TASK REQUIREMENTS:
Copy each line from the entries that the word "object" appears in.

DATASET CONTENT:
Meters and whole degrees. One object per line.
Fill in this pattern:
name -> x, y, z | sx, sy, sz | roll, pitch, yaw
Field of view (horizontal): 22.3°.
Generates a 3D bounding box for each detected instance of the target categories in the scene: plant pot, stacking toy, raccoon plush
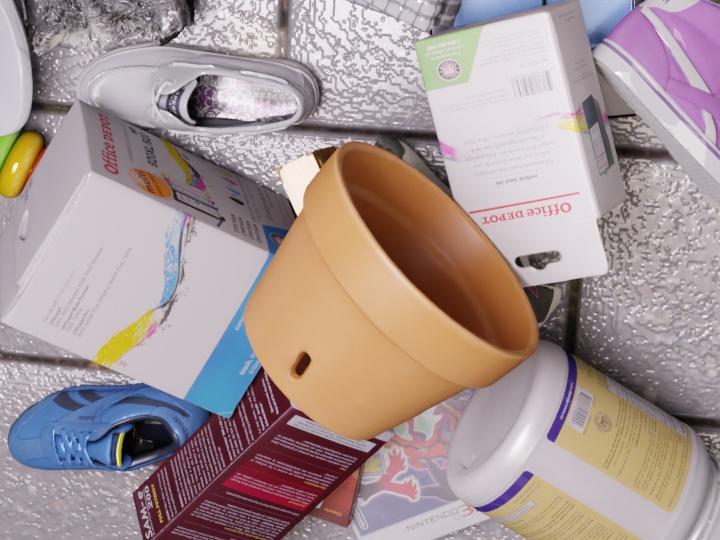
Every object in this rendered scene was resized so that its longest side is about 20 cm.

PROBLEM SOLUTION:
Meters and whole degrees. One object per line.
Every object in this rendered scene was resized so that its longest side is about 20 cm.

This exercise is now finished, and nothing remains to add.